**ACTION ITEM:** In full and without change, transcribe the records below.

**DATA:**

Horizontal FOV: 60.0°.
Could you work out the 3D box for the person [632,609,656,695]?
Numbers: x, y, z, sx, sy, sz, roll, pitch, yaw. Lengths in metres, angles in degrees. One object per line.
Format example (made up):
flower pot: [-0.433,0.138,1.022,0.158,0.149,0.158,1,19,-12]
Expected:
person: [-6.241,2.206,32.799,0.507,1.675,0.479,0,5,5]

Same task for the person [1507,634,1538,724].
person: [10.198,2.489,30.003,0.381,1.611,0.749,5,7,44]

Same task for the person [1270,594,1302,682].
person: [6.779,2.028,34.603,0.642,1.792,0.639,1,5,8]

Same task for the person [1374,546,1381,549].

**RESULT BELOW:**
Horizontal FOV: 60.0°.
Could you work out the 3D box for the person [632,609,656,695]?
Numbers: x, y, z, sx, sy, sz, roll, pitch, yaw. Lengths in metres, angles in degrees. One object per line.
Format example (made up):
flower pot: [-0.433,0.138,1.022,0.158,0.149,0.158,1,19,-12]
Expected:
person: [-6.241,2.206,32.799,0.507,1.675,0.479,0,5,5]

Same task for the person [1507,634,1538,724].
person: [10.198,2.489,30.003,0.381,1.611,0.749,5,7,44]

Same task for the person [1270,594,1302,682].
person: [6.779,2.028,34.603,0.642,1.792,0.639,1,5,8]

Same task for the person [1374,546,1381,549].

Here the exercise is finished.